L’apport des ressources aux centres d’architecture de Yaoundé : Mettre pleinement en œuvre les centres d’architecture de Yaoundé reste incomplet, en particulier en ce qui concerne leurs ressources en effectif et en matériel. Pour optimiser efficacement la structure de Yaoundé, la fourniture des ressources doit être bien articulée pour renforcer la capacité opérationnelle des centres tout en renforçant aussi la coopération multilatérale vers une gouvernance maritime durable dans le golfe.
La voie à suivre
La coopération multilatérale est un outil performant pour atteindre les objectifs de la gouvernance maritime dans le golfe. Il existe des indications de son efficacité. La piraterie dans le golfe a baissé : 81 incidents signalés en 2020, comparé à seulement 34 en 2021. Au cours des neuf premiers mois de 2022, seulement 13 incidents ont été enregistrés, selon l’Organized Crime and Corruption Reporting Project (projet de reportage sur le crime organisé et la corruption). Les dix prochaines années du Code de conduite de Yaoundé doivent étendre les succès enregistrés tout en faisant particulièrement attention aux questions structurelles sous-jacentes qui entravent ces succès. Le golfe est une ressource précieuse. Les partenariats et la vigilance rendus possibles par le Code de conduite de Yaoundé et l’architecture de sécurité qu’il a créée peuvent assurer que cette ressource existe pour le bénéfice des générations à venir.

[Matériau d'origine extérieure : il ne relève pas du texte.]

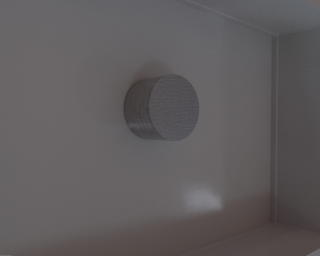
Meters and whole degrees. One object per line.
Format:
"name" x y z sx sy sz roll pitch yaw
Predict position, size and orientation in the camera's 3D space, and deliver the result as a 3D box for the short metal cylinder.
"short metal cylinder" 0.003 -0.024 0.389 0.081 0.050 0.080 0 90 -40
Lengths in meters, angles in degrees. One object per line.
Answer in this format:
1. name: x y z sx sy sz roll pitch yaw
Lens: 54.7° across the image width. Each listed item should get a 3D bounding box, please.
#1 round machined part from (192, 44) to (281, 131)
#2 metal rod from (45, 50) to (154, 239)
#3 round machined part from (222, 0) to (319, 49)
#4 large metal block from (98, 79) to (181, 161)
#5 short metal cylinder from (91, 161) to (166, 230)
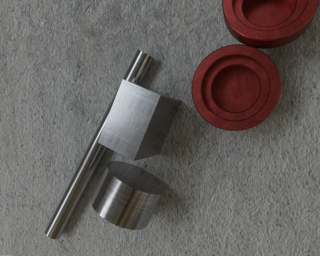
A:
1. round machined part: 0.091 -0.046 0.368 0.098 0.042 0.097 0 90 20
2. metal rod: -0.090 0.030 0.440 0.025 0.025 0.299 32 100 17
3. round machined part: 0.122 -0.134 0.350 0.098 0.042 0.098 -3 77 15
4. large metal block: -0.022 -0.010 0.388 0.050 0.080 0.080 25 98 18
5. short metal cylinder: -0.040 0.083 0.394 0.080 0.080 0.050 29 100 17
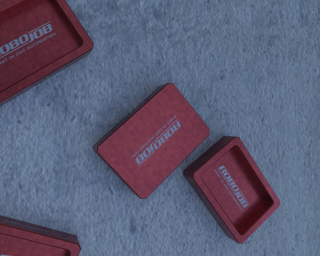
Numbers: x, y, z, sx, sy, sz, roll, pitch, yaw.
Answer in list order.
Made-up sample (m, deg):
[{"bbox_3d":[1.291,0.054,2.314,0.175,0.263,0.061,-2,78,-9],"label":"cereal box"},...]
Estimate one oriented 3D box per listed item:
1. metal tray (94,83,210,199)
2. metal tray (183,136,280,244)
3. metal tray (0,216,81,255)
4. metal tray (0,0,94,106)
[{"bbox_3d":[-0.008,0.015,0.404,0.130,0.030,0.090,-44,104,-15],"label":"metal tray"},{"bbox_3d":[0.106,0.087,0.447,0.090,0.030,0.130,-38,103,-16],"label":"metal tray"},{"bbox_3d":[-0.167,0.153,0.345,0.131,0.030,0.090,23,82,-19],"label":"metal tray"},{"bbox_3d":[-0.154,-0.095,0.349,0.131,0.030,0.090,-36,102,-17],"label":"metal tray"}]
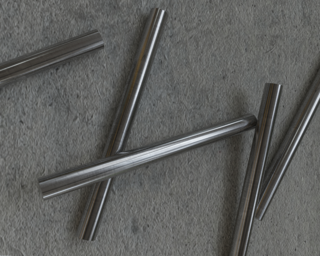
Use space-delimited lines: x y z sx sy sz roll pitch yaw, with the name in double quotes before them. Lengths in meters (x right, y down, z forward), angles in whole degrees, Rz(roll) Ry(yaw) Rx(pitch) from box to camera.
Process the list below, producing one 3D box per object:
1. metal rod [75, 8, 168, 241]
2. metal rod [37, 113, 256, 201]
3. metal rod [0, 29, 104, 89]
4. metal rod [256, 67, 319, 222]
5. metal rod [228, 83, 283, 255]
"metal rod" -0.046 -0.010 0.391 0.025 0.025 0.299 20 83 -19
"metal rod" 0.005 0.027 0.391 0.302 0.025 0.025 -16 96 -27
"metal rod" -0.202 -0.045 0.334 0.302 0.025 0.025 -27 99 -18
"metal rod" 0.215 0.006 0.488 0.025 0.025 0.300 34 79 -17
"metal rod" 0.131 0.085 0.442 0.025 0.025 0.298 11 92 -20
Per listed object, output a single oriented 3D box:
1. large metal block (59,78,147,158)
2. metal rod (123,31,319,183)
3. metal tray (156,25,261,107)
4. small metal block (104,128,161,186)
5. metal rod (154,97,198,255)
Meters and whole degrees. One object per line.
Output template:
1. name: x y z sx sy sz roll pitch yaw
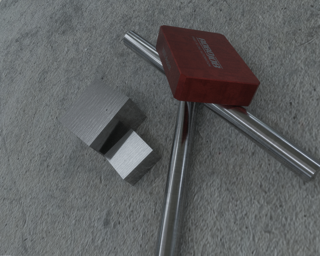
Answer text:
1. large metal block: -0.081 -0.013 0.436 0.080 0.050 0.080 32 79 37
2. metal rod: 0.054 -0.043 0.374 0.025 0.025 0.300 -46 60 -4
3. metal tray: 0.051 -0.078 0.372 0.091 0.030 0.130 3 39 -15
4. small metal block: -0.036 0.037 0.398 0.050 0.025 0.050 -45 51 -3
5. metal rod: 0.025 0.034 0.368 0.025 0.025 0.299 -4 60 26
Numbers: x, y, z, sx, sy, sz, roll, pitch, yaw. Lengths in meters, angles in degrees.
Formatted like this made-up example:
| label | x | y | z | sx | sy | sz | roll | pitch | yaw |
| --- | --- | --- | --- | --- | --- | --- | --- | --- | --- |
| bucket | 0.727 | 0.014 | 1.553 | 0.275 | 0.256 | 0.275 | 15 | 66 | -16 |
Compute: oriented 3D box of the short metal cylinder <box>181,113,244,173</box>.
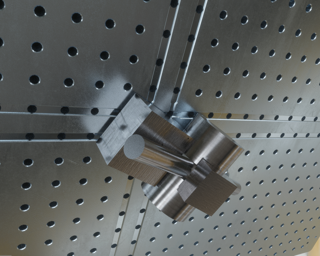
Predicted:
| label | x | y | z | sx | sy | sz | roll | pitch | yaw |
| --- | --- | --- | --- | --- | --- | --- | --- | --- | --- |
| short metal cylinder | 0.067 | 0.023 | 0.423 | 0.080 | 0.080 | 0.050 | 31 | 101 | -38 |

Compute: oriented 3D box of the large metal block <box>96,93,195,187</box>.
| label | x | y | z | sx | sy | sz | roll | pitch | yaw |
| --- | --- | --- | --- | --- | --- | --- | --- | --- | --- |
| large metal block | -0.018 | 0.017 | 0.388 | 0.080 | 0.050 | 0.080 | 33 | 100 | -39 |

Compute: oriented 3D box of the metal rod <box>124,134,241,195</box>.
| label | x | y | z | sx | sy | sz | roll | pitch | yaw |
| --- | --- | --- | --- | --- | --- | --- | --- | --- | --- |
| metal rod | 0.052 | 0.062 | 0.423 | 0.025 | 0.025 | 0.301 | -50 | 144 | 7 |

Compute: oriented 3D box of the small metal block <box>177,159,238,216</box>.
| label | x | y | z | sx | sy | sz | roll | pitch | yaw |
| --- | --- | --- | --- | --- | --- | --- | --- | --- | --- |
| small metal block | 0.058 | 0.075 | 0.383 | 0.050 | 0.025 | 0.050 | 35 | 99 | -30 |

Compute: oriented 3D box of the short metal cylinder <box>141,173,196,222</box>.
| label | x | y | z | sx | sy | sz | roll | pitch | yaw |
| --- | --- | --- | --- | --- | --- | --- | --- | --- | --- |
| short metal cylinder | 0.021 | 0.084 | 0.434 | 0.080 | 0.080 | 0.050 | 34 | 99 | -39 |
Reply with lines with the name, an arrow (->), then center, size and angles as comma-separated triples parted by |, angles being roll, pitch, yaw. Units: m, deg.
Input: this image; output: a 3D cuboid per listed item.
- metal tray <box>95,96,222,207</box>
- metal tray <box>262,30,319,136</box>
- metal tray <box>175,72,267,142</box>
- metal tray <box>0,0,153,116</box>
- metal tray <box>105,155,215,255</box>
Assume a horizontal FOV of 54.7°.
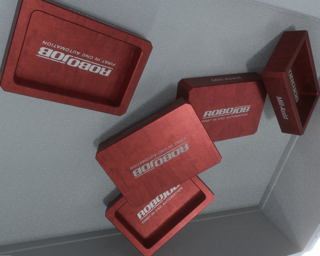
metal tray -> -0.001, 0.031, 0.387 | 0.130, 0.030, 0.090 | -30, 109, 6
metal tray -> 0.194, -0.062, 0.448 | 0.090, 0.030, 0.130 | -57, 133, -22
metal tray -> 0.085, -0.027, 0.435 | 0.131, 0.030, 0.089 | -9, 123, -24
metal tray -> -0.083, -0.069, 0.317 | 0.131, 0.030, 0.089 | 12, 112, -34
metal tray -> 0.000, 0.106, 0.441 | 0.130, 0.030, 0.090 | -42, 95, 0
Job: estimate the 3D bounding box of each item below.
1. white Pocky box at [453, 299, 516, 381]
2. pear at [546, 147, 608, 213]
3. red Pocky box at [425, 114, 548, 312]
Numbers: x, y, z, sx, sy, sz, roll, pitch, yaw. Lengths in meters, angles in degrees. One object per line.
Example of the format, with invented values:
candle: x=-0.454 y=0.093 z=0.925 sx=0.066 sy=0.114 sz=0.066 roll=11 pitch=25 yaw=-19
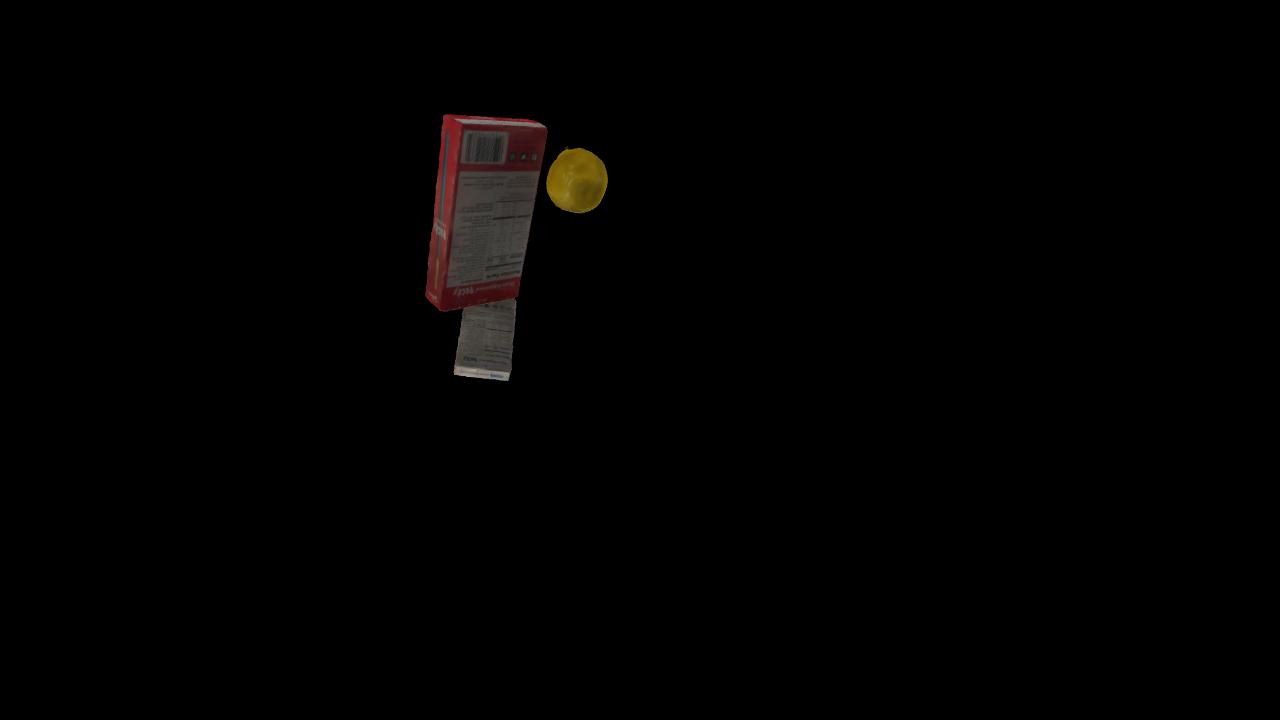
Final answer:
white Pocky box: x=-0.241 y=-0.038 z=0.966 sx=0.084 sy=0.154 sz=0.028 roll=7 pitch=-40 yaw=-14
pear: x=-0.089 y=-0.237 z=0.785 sx=0.080 sy=0.080 sz=0.111 roll=0 pitch=35 yaw=-32
red Pocky box: x=-0.127 y=-0.117 z=0.501 sx=0.028 sy=0.155 sz=0.083 roll=36 pitch=34 yaw=28
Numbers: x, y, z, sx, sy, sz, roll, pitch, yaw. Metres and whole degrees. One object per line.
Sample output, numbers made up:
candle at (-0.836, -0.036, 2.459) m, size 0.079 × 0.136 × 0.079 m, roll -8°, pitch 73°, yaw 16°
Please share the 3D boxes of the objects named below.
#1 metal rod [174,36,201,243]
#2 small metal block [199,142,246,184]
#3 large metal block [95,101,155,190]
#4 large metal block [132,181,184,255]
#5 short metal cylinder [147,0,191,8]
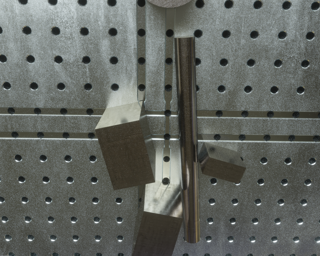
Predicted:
metal rod at (0.040, 0.030, 0.424) m, size 0.025 × 0.025 × 0.298 m, roll -4°, pitch 110°, yaw 1°
small metal block at (0.082, 0.046, 0.418) m, size 0.050 × 0.050 × 0.025 m, roll 17°, pitch 109°, yaw -7°
large metal block at (-0.039, 0.019, 0.391) m, size 0.050 × 0.080 × 0.079 m, roll -12°, pitch 110°, yaw 4°
large metal block at (-0.005, 0.129, 0.432) m, size 0.050 × 0.080 × 0.079 m, roll 12°, pitch 110°, yaw -5°
short metal cylinder at (0.009, -0.173, 0.336) m, size 0.081 × 0.050 × 0.079 m, roll 0°, pitch 110°, yaw -1°
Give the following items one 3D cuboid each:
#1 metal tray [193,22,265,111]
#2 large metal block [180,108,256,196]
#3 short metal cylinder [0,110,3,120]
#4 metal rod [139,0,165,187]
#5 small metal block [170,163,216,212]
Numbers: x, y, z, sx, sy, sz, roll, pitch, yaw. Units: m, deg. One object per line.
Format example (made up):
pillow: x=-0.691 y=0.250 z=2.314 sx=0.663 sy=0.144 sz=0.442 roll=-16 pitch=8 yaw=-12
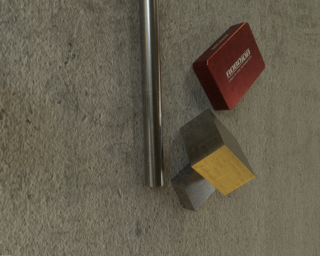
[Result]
metal tray: x=0.116 y=-0.100 z=0.501 sx=0.131 sy=0.030 sz=0.090 roll=-47 pitch=118 yaw=-30
large metal block: x=0.078 y=0.033 z=0.430 sx=0.080 sy=0.050 sz=0.080 roll=42 pitch=21 yaw=-32
short metal cylinder: x=-0.167 y=-0.020 z=0.229 sx=0.081 sy=0.080 sz=0.050 roll=-22 pitch=104 yaw=-38
metal rod: x=-0.011 y=-0.075 z=0.396 sx=0.025 sy=0.025 sz=0.298 roll=-3 pitch=92 yaw=-40
small metal block: x=0.048 y=0.083 z=0.448 sx=0.050 sy=0.025 sz=0.050 roll=-38 pitch=113 yaw=-34
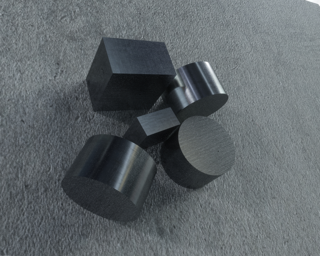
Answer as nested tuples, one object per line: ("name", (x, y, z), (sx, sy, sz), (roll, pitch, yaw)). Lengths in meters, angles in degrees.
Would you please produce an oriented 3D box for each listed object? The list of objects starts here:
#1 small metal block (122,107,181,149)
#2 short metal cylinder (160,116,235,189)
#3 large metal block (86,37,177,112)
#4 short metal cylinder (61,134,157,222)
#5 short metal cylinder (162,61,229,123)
("small metal block", (-0.011, 0.003, 0.380), (0.050, 0.050, 0.025), (-19, 72, -35))
("short metal cylinder", (0.047, 0.031, 0.394), (0.081, 0.050, 0.080), (14, 56, -21))
("large metal block", (-0.039, -0.064, 0.386), (0.081, 0.080, 0.050), (-4, 64, -30))
("short metal cylinder", (-0.049, 0.051, 0.311), (0.080, 0.080, 0.050), (31, 52, -9))
("short metal cylinder", (0.045, -0.045, 0.420), (0.081, 0.080, 0.050), (-11, 68, -33))
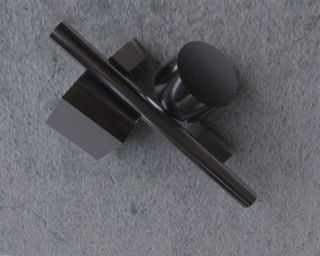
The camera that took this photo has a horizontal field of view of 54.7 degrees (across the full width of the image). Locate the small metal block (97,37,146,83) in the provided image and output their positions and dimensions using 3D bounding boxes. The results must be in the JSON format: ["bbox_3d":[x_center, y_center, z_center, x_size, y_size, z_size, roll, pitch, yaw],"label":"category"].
[{"bbox_3d":[-0.044,-0.080,0.368,0.050,0.050,0.025,-37,106,12],"label":"small metal block"}]

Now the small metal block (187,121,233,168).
[{"bbox_3d":[0.062,0.018,0.402,0.050,0.050,0.025,39,105,-14],"label":"small metal block"}]

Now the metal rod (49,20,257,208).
[{"bbox_3d":[0.003,-0.005,0.356,0.300,0.025,0.025,41,105,-14],"label":"metal rod"}]

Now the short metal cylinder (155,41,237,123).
[{"bbox_3d":[0.041,-0.052,0.357,0.080,0.080,0.050,37,147,-13],"label":"short metal cylinder"}]

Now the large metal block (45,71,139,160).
[{"bbox_3d":[-0.080,-0.013,0.373,0.080,0.050,0.080,39,146,-14],"label":"large metal block"}]
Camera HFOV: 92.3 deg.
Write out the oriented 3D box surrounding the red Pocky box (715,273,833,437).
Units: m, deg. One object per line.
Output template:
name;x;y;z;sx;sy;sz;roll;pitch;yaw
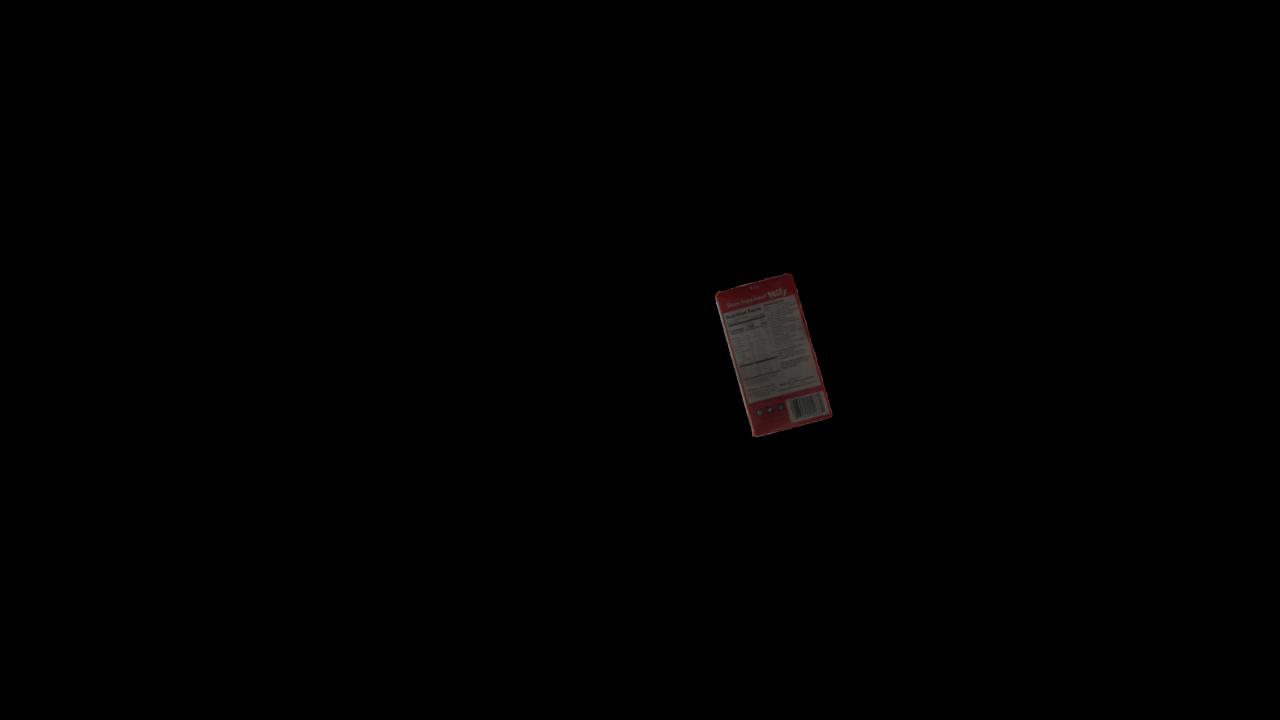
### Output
red Pocky box;0.137;-0.005;0.637;0.083;0.155;0.028;-15;-5;5
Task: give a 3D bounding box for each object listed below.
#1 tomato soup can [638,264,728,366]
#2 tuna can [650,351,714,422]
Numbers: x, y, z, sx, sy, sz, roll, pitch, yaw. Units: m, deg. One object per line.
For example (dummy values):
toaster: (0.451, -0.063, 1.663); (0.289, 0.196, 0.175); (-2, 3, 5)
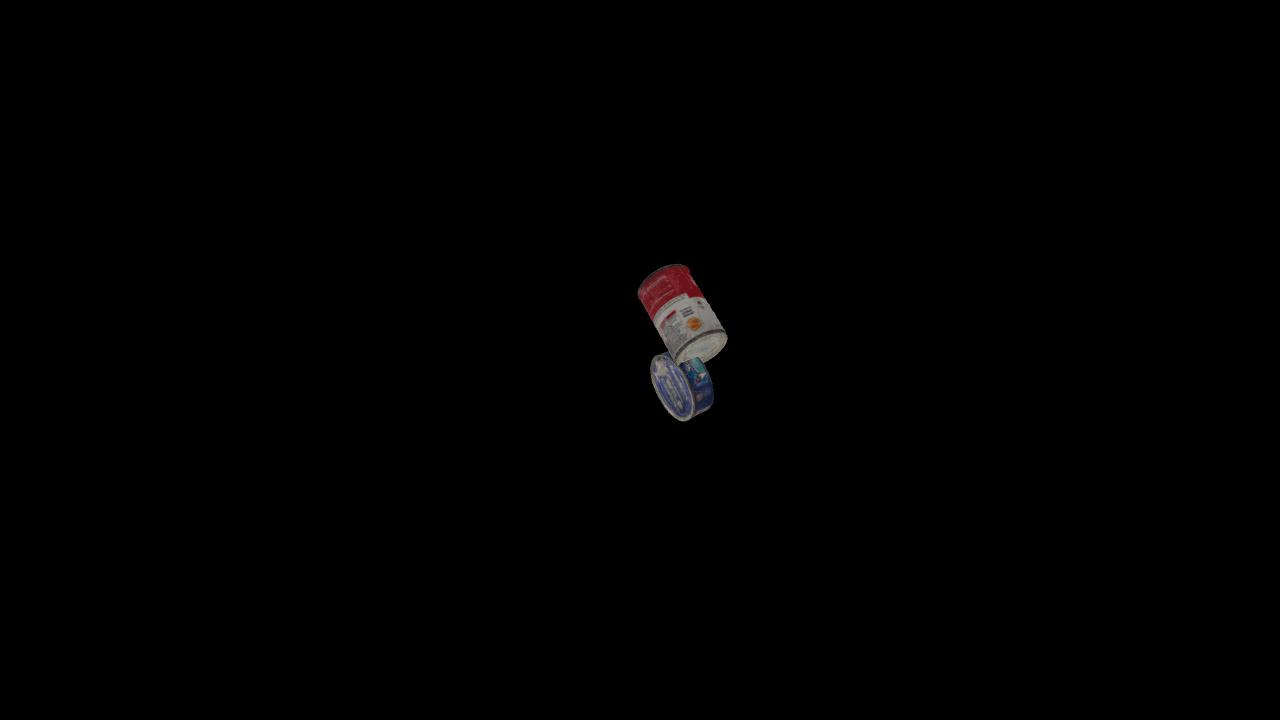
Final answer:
tomato soup can: (0.048, -0.049, 0.698); (0.068, 0.101, 0.068); (-22, -27, -12)
tuna can: (0.049, 0.027, 0.718); (0.034, 0.084, 0.084); (-24, 10, -24)
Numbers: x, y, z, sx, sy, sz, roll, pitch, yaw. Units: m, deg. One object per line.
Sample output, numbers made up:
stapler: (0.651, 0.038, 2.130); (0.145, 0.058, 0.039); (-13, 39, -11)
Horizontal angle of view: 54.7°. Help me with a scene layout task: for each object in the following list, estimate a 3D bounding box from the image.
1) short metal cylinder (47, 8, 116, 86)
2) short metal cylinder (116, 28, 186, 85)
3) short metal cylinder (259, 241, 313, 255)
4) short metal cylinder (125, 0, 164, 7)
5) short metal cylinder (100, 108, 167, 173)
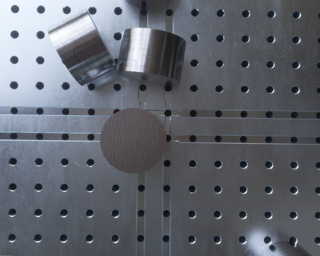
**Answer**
short metal cylinder: (-0.094, -0.099, 0.385); (0.050, 0.080, 0.080); (-28, 90, 0)
short metal cylinder: (-0.011, -0.086, 0.386); (0.081, 0.080, 0.050); (8, 90, -1)
short metal cylinder: (0.172, 0.196, 0.403); (0.081, 0.050, 0.079); (0, 90, -1)
short metal cylinder: (-0.021, -0.205, 0.400); (0.081, 0.050, 0.079); (0, 90, -1)
short metal cylinder: (-0.032, 0.015, 0.401); (0.081, 0.050, 0.079); (0, 90, -1)
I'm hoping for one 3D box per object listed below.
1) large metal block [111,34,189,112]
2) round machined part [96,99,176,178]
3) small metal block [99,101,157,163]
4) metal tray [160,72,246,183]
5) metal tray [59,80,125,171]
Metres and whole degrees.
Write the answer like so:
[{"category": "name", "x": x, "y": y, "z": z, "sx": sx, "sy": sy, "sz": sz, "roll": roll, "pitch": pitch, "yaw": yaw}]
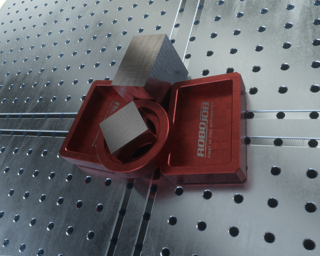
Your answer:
[{"category": "large metal block", "x": -0.010, "y": -0.066, "z": 0.414, "sx": 0.050, "sy": 0.080, "sz": 0.080, "roll": 7, "pitch": 65, "yaw": 31}, {"category": "round machined part", "x": -0.026, "y": 0.016, "z": 0.384, "sx": 0.098, "sy": 0.042, "sz": 0.098, "roll": -13, "pitch": 56, "yaw": 21}, {"category": "small metal block", "x": -0.038, "y": 0.004, "z": 0.367, "sx": 0.050, "sy": 0.025, "sz": 0.050, "roll": -34, "pitch": 51, "yaw": 6}, {"category": "metal tray", "x": 0.054, "y": -0.001, "z": 0.372, "sx": 0.090, "sy": 0.030, "sz": 0.130, "roll": -6, "pitch": 59, "yaw": 25}, {"category": "metal tray", "x": -0.079, "y": -0.007, "z": 0.446, "sx": 0.090, "sy": 0.030, "sz": 0.130, "roll": 7, "pitch": 65, "yaw": 31}]
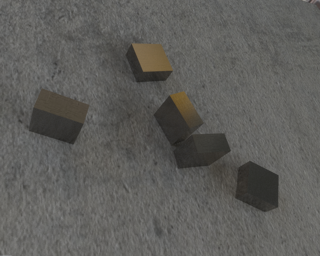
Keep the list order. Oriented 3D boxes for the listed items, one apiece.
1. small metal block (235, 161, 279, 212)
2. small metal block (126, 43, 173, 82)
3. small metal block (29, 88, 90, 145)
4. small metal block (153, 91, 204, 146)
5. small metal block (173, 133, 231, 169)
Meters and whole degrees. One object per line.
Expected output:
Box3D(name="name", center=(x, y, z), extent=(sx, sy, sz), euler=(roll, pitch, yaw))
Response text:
Box3D(name="small metal block", center=(0.135, 0.081, 0.430), extent=(0.050, 0.025, 0.050), euler=(27, 52, -12))
Box3D(name="small metal block", center=(-0.016, -0.096, 0.456), extent=(0.050, 0.025, 0.050), euler=(-9, 66, -32))
Box3D(name="small metal block", center=(-0.110, -0.011, 0.336), extent=(0.050, 0.050, 0.025), euler=(20, 54, -17))
Box3D(name="small metal block", center=(0.023, -0.012, 0.409), extent=(0.025, 0.050, 0.050), euler=(-19, 72, -36))
Box3D(name="small metal block", center=(0.053, 0.030, 0.400), extent=(0.050, 0.050, 0.025), euler=(-1, 63, -29))

Au sujet de l’auteur : Le capitaine Tahir Ngada est un officier de marine dans la branche exécutive de la Marine nigériane. Il travaille comme conseiller de formation pour le Programme mondial de lutte contre la criminalité maritime de l’Office des Nations unies contre la drogue et le crime et il est affecté au Centre de coordination interrégional de Yaoundé. Le capitaine Ngada détient une licence de chimie de l’Académie nigériane de la défense, un diplôme de sécurité nationale du Collège naval de la guerre des États-Unis et une maîtrise en relations internationales de l’université Salve Regina de Newport, Rhode Island. Le capitaine Ngada a aussi une maîtrise de l’University College de Londres dans la lutte contre la criminalité organisée et le terrorisme.